What current is that transformer (noobie question)

AlbertHall

Joined Jun 4, 2014
12,345
You can parallel both windings to get 15VAC at 2A. If that is fed to a bridge rectifier with a smoothing capacitor that will give you around 20V DC and an RMS transformer secondary current of 1.61A, so that's OK.

The transformer voltage is much higher than is actually needed though. The output power is 5W (5V @ 1A) and the regulator needs to dissipate 15W of heat ((20V - 5V) * 1A). You could use a smaller and cheaper transformer or, to keep the heat down, use a switching regulator.
 

AlbertHall

Joined Jun 4, 2014
12,345
You can parallel both windings to get 15VAC at 2A. If that is fed to a bridge rectifier with a smoothing capacitor that will give you around 20V DC and an RMS transformer secondary current of 1.61A, so that's OK.

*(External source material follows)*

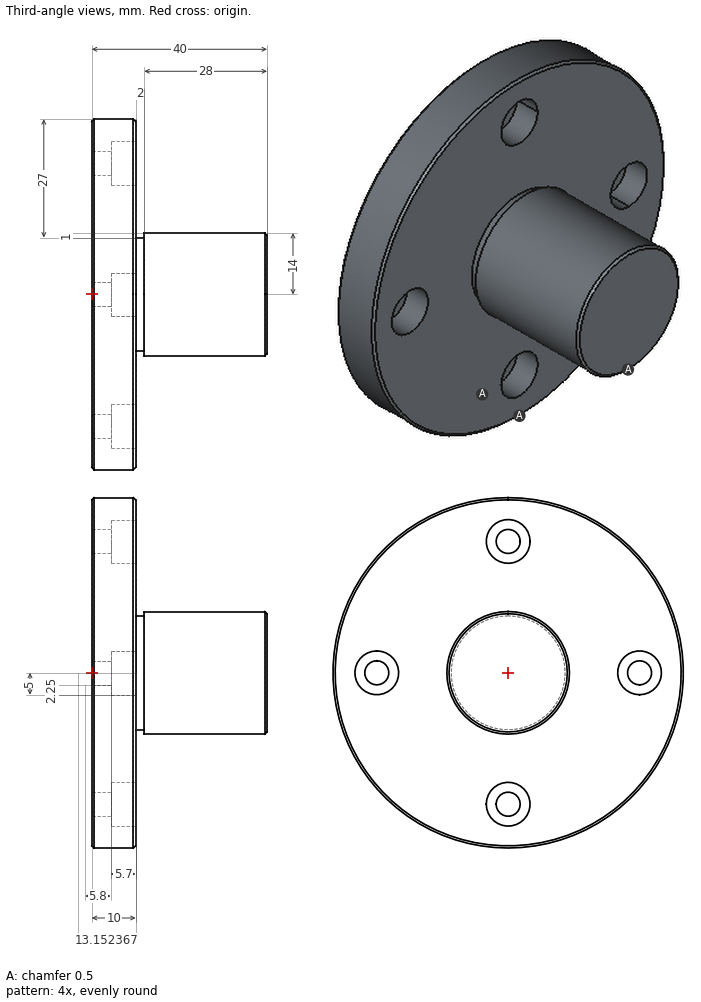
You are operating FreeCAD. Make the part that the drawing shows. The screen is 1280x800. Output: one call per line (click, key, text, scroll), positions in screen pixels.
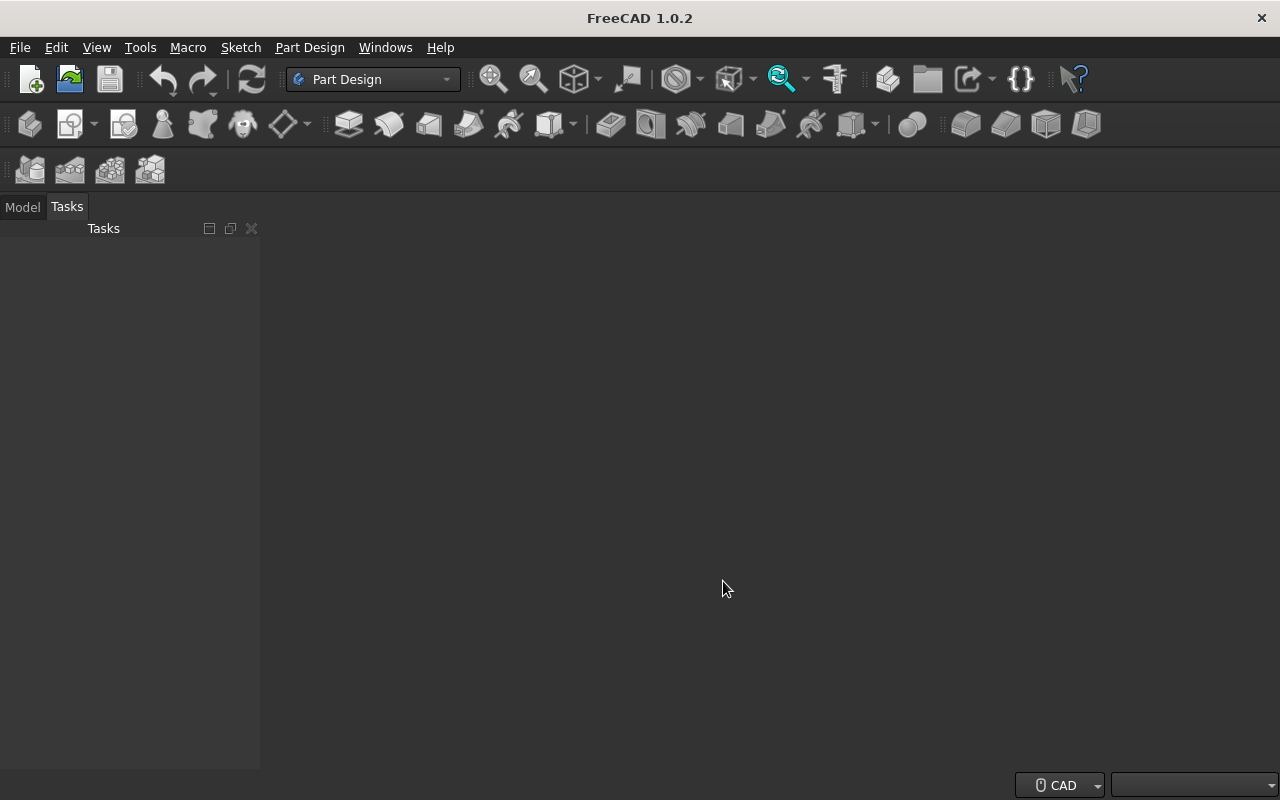
click(30, 80)

The transformer voltage is much higher than is actually needed though. The output power is 5W (5V @ 1A) and the regulator needs to dissipate 15W of heat ((20V - 5V) * 1A). You could use a smaller and cheaper transformer or, to keep the heat down, use a switching regulator.
Correction [edited again] to that: You need 2A DC output but that will 3.2A RMS secondary current which will seriously overload the transformer.
 

LesJones

Joined Jan 8, 2017
4,174
Hi KISS,
I do not agree and neither does the information in your link. For full wave rectification with a capacitor output filter it states
V (Peak) D.C. = 1.41 X Sec. V A.C.
V (Avg) D.C. = 0.90 X Sec. V A.C.
I D.C. = 0.62 X Sec. I A.C.
So the AC current is about 1.6 times the DC current . (1/0.62)

Les.
 

Dodgydave

Joined Jun 22, 2012
11,285
Hi everyone, I'm making a linear power supply for my computer audio system, suitable for HDD or network cards.
The psu needs to deliver 5vdc and 2A minimum.

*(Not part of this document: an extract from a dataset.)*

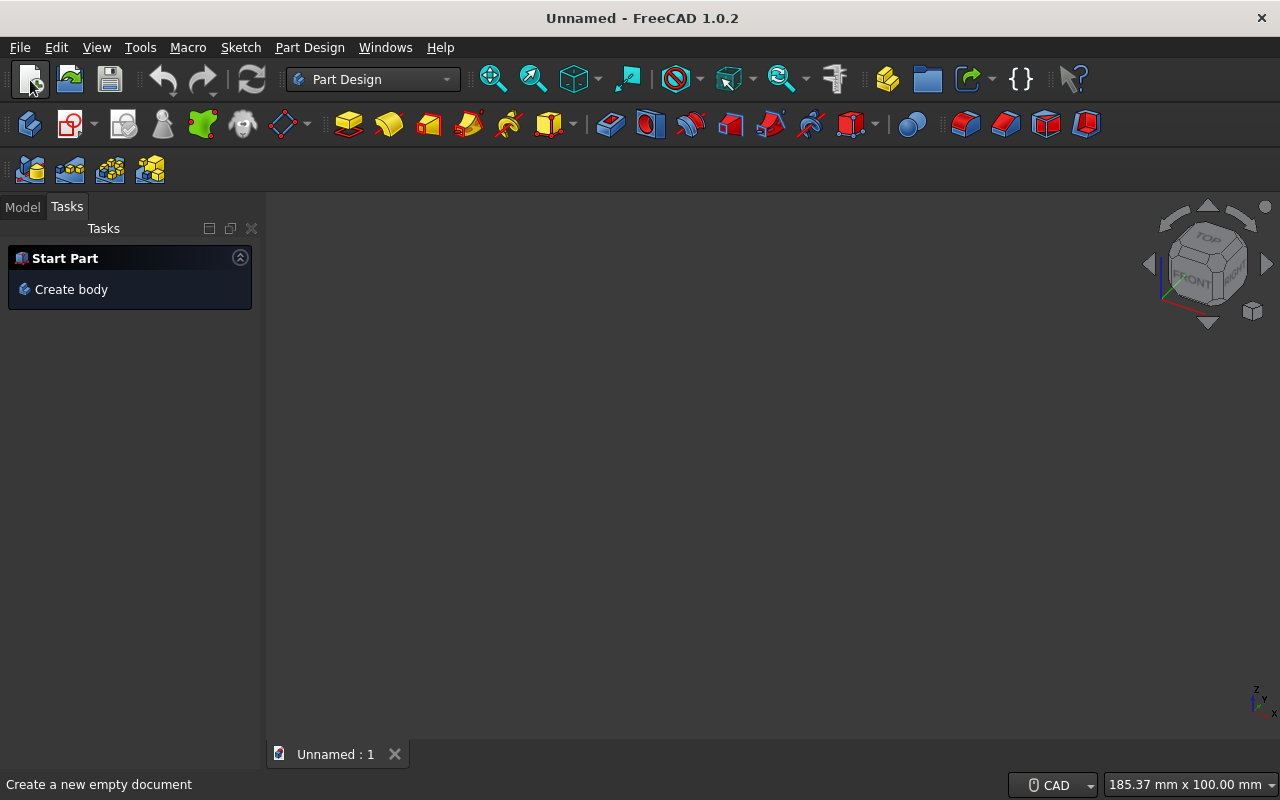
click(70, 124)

My toroid transformer Y236103 has 2 secondarys and is rated at 1A on the manufacturer's website http://www.avellindberg.com/transformers/y23_range_specs.htm

My question - is that the combined total or can each secondary deliver up to 1A?
Just use the 5V rail from your computer Atx psu...
 

Thread Starter

billgr

Joined Jul 11, 2019
8
Just use the 5V rail from your computer Atx psu...
That's exactly what I'm trying to avoid. I want to provide _clean_ power to these components and try not inject any noise back into the other components. ATX power is convenient but not ideal for my application.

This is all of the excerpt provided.